Ein neuer potenzieller Wirkstoff zur Corona-Therapie hat in einer klinischen Phase-III-Studie gute Ergebnisse erzielt. Der Wirkstoff Sabizabulin, entwickelt vom amerikanischen Pharmaunternehmen Veru, reduzierte das Sterberisiko der Zwischenanalyse zufolge um 55 Prozent.
In der klinischen Phase-III-Studie reduzierte Sabizabulin das Sterberisiko einer Zwischenanalyse zu Folge um 55 Prozent. Die Studie war mit 150 Patient:innen relativ klein angelegt und neigt daher zu statistischen Unsicherheiten. Dennoch: Von den 98 Proband:innen, die zur Standardtherapie Sabizabulin erhielten, lag die Sterbequote bei 20 Prozent. Innerhalb der Placebogruppe lag diese Quote bei 45 Prozent. Der ursprünglich für die Onkologie (Brustkrebs) entwickelte Arzneistoff wies ein gutes Nebenwirkungsprofil auf.
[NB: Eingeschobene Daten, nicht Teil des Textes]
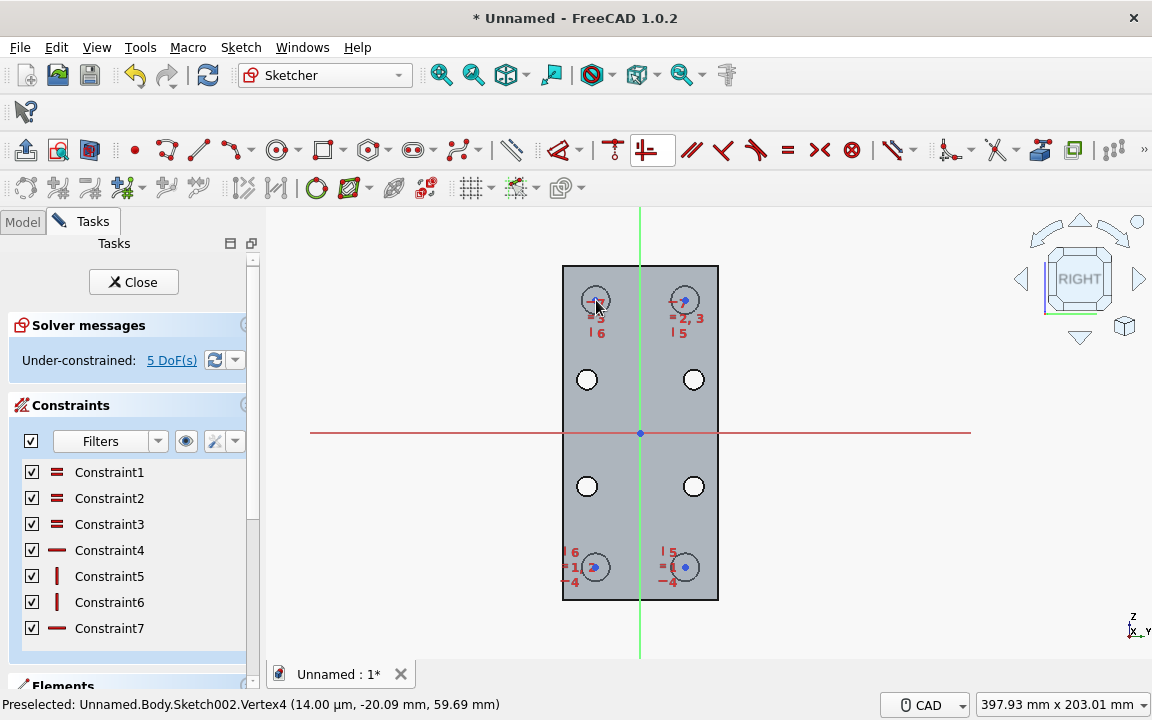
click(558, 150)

Sabizabulin gehört zur Gruppe der Alkaloide und ähnelt in der Wirkung dem Herbstzeitlosen-Alkaloid Colchicin. Durch die Bindung an bestimmte Stellen des Alpha- und Beta-Tubulins (Bestandteile eukaryotischer Zellen) wird die intrazelluläre Polymerisationgehemmt und dadurch die Ausbildung des Spindelapparats während der Mitose unterbunden. Die Mitose kommt nicht über die Metaphase hinaus. Diese Hemmung trägt zur antiviralen und antiinflammatorischen Wrkung von Sabizabulin bei. Der experimentelle Wirkstoff moduliert Entzündungsaktivitäten, die Leukozytenproduktion und die Freisetzung von Zytokinen wird herabgesetzt.
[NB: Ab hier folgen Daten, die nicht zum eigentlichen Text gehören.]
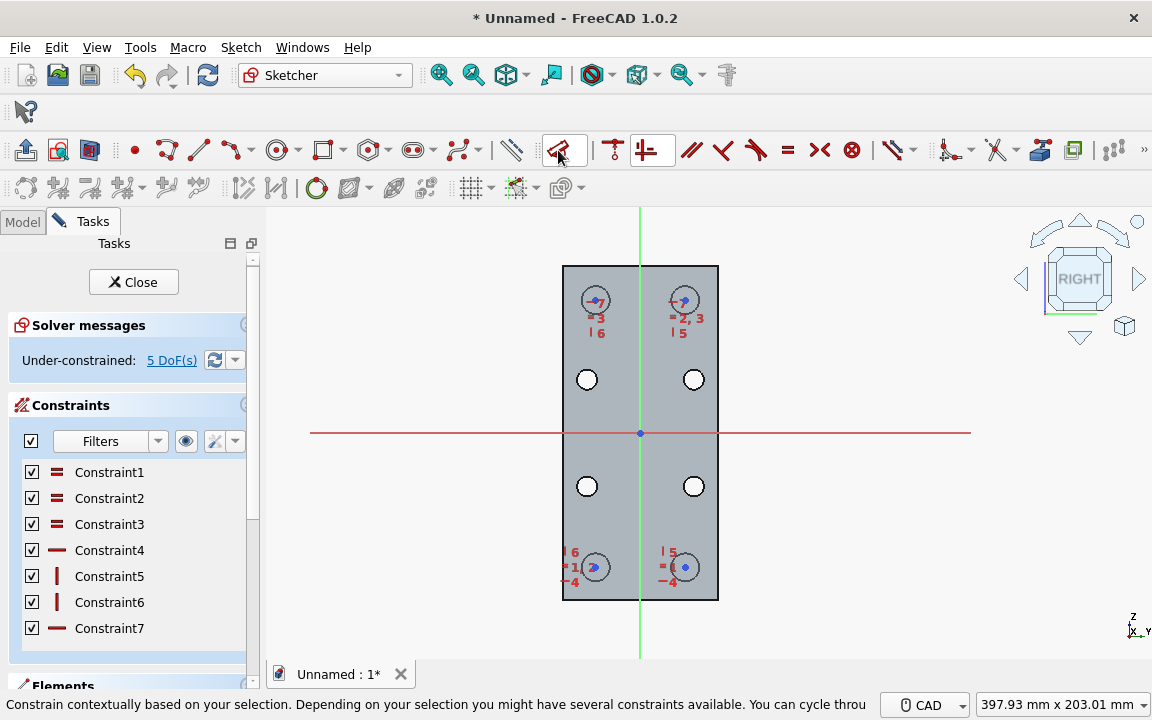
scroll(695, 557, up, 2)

Der Wirkstoff orientiert sich an der Wirkungsweise von Colchicin. Dabei konnte das Alkaloid aus den Herbstzeitlosen nicht überzeugen: Die zuletzt veröffentlichten Studienergebnisse zeigen, dass das Gichtmittel keine ausreichende Wirksamkeit besitzt. Bei der Behandlung von Covid-19 sollte Colchicin vor allem gegen einen sogenannten „Zytokinsturm“ helfen. Dabei handelt es sich um eine Überreaktion des Immunsystems, die mit einer erhöhten Bildung von entzündungsrelevanten Zytokinen einhergeht und somit zu einer systemischen Entzündungsreaktion führt.
Colchicin: Colchicin ist eine natürlich vorkommende Substanz der giftigen Herbstzeitlosen. Der Stoff bewirkt in der Zelle eine Mitosehemmung – Colchicin wird daher auch als Spindelgift bezeichnet: Durch die Unterbindung der Ausbildung des Spindelapparats während der Mitose bleibt diese in der Metaphase stehen. Die Anwendung des Alkaloids ist aufgrund der geringen therapeutischen Breite umstritten: Richtig dosiert kann es gegen die typischen Beschwerden eines akuten Gichtanfalls helfen. Wird es jedoch überdosiert, kann es schnell zu Vergiftungserscheinungen kommen. In einigen Fällen kam es durch eine Falscheinnahme bereits zu Todesfällen.
Aufgrund dessen, dass Sabizabulin so wirksam scheint, will sich Veru zeitnah mit der FDA in Verbindung setzen und eine Notfallzulassung erwirken. Aktuell ist die Wirksamkeit übrigens erst bei schweren Verläufen bestätigt. Ob auch Patient:innen mit einem milden Verlauf Vorteile von einer Behandlung mit dem experimentellen Wirkstoff haben, bleibt zunächst offen.